Personal information
- Date of birth: 19 October 1969
- Place of birth: Meudon, France
- Date of death: 12 August 2024 (aged 54)
- Place of death: Tours, France
- Height: 1.80 m (5 ft 11 in)
- Positions: Midfielder; striker;

Youth career
- 1978–1982: Courcouronnes
- 1982–1986: Viry-Châtillon
- 1986–1988: Reims

Senior career*
- Years: Team / Apps / (Gls)
- 1988–1990: Reims / 10 / (0)
- 1990–1994: Angers / 134 / (37)
- 1994–1996: Le Havre / 68 / (12)
- 1996–1997: Cannes / 31 / (3)
- 1997–1998: Laval / 18 / (0)
- 1998–2001: Châteauroux / 68 / (4)
- Total:  / 329 / (56)

International career
- 1991: France U21 / 2 / (0)

Managerial career
- 2003–2006: Châteauroux (reserves)
- 2006–2008: Châteauroux
- 2009–2012: Le Havre
- 2015–2016: Châteauroux
- 2016–2017: Auxerre
- 2019: Auxerre (interim)

= Cédric Daury =

French footballer and manager (1969–2024)

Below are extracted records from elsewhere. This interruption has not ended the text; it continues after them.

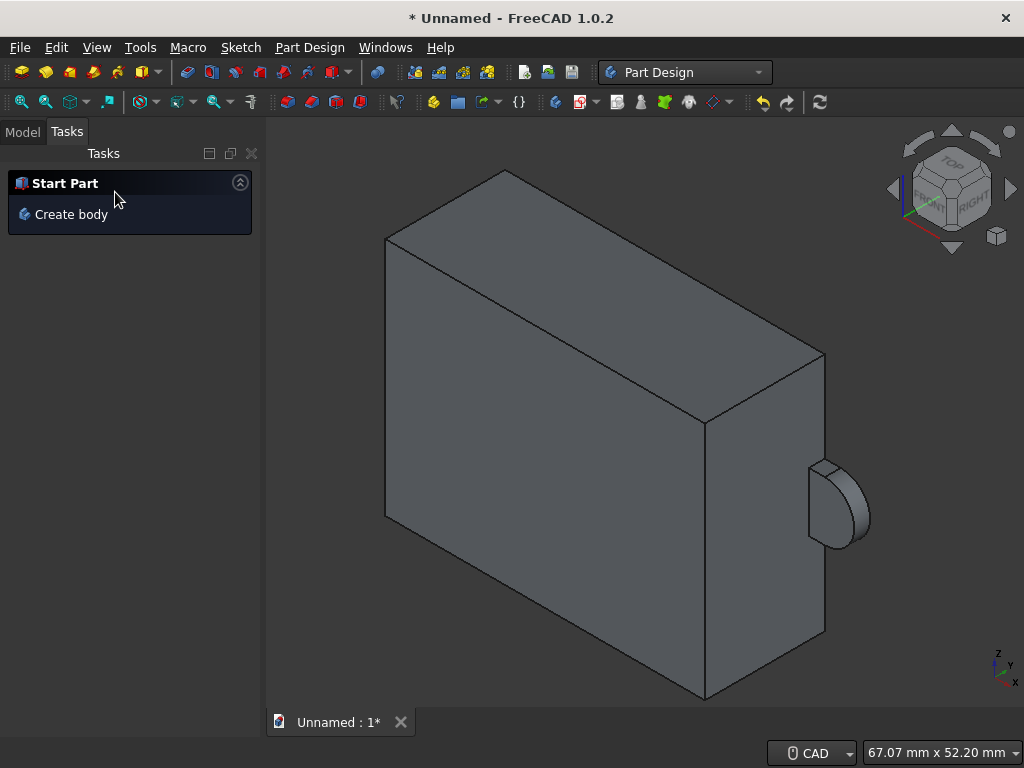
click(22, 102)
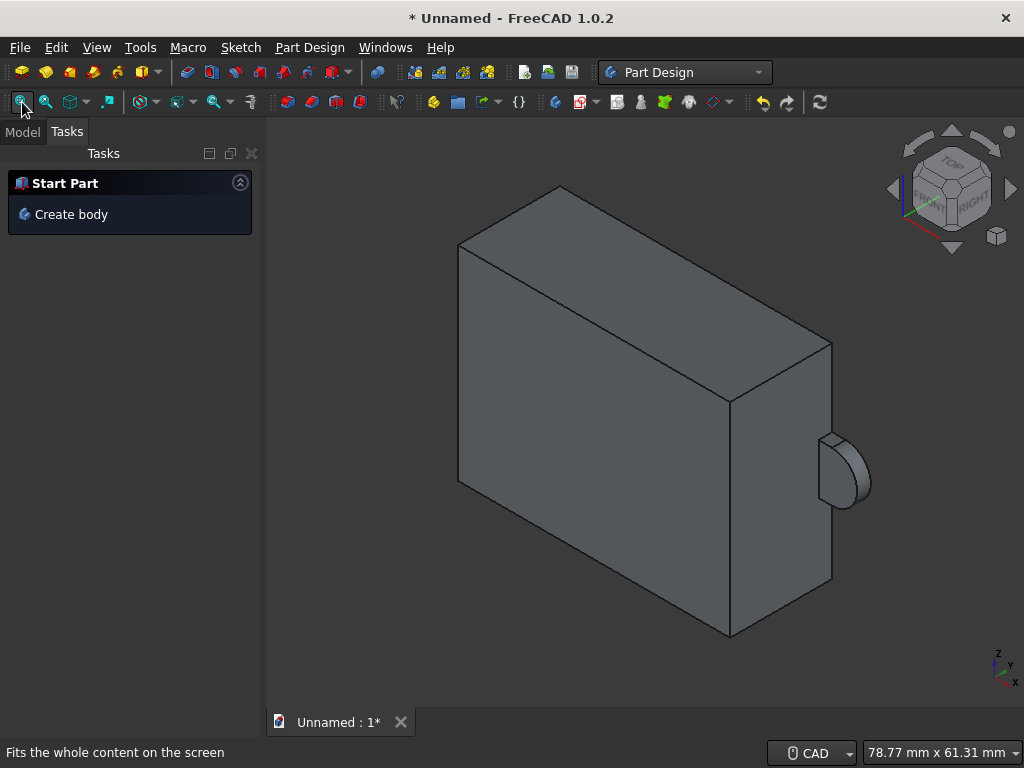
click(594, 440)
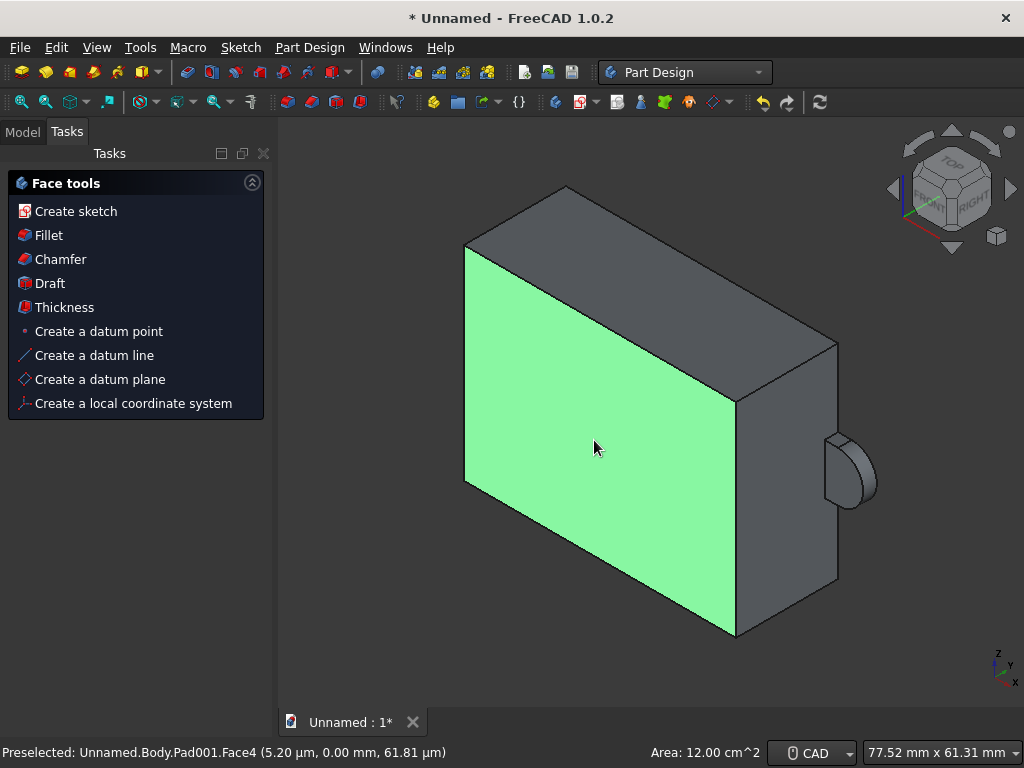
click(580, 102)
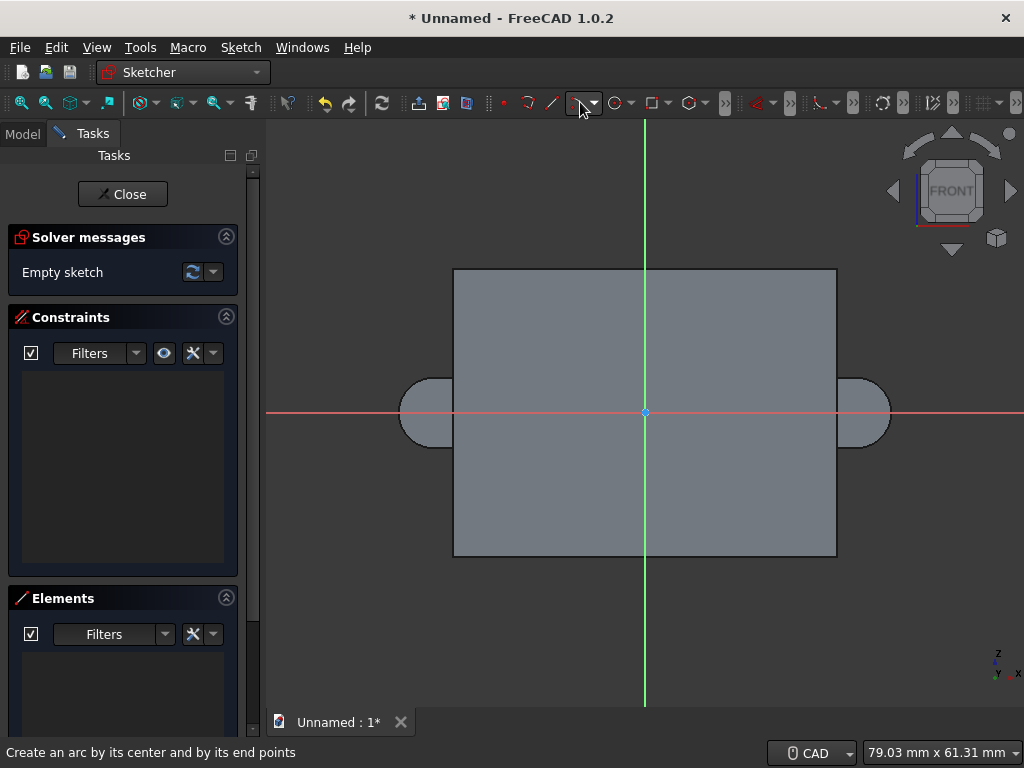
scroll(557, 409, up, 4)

Cédric Daury (/fr/; 19 October 1969 – 12 August 2024) was a French football manager and player. He was the sporting director of Auxerre.

==Club career==
Daury played as a midfielder and striker, for Ligue 1 and Ligue 2 clubs Reims, Angers, Le Havre, Cannes, Laval and Châteauroux.

==International career==
Daury represented France at under-21 level.

==Managerial career==
Daury began his coaching career with Châteauroux's youth teams, before managing the first team from 2006 to 2008. In June 2009, he became Le Havre's manager, replacing Frédéric Hantz, Daury signed a two-year deal.

==Death==
Daury died in Tours on 12 August 2024, at the age of 54.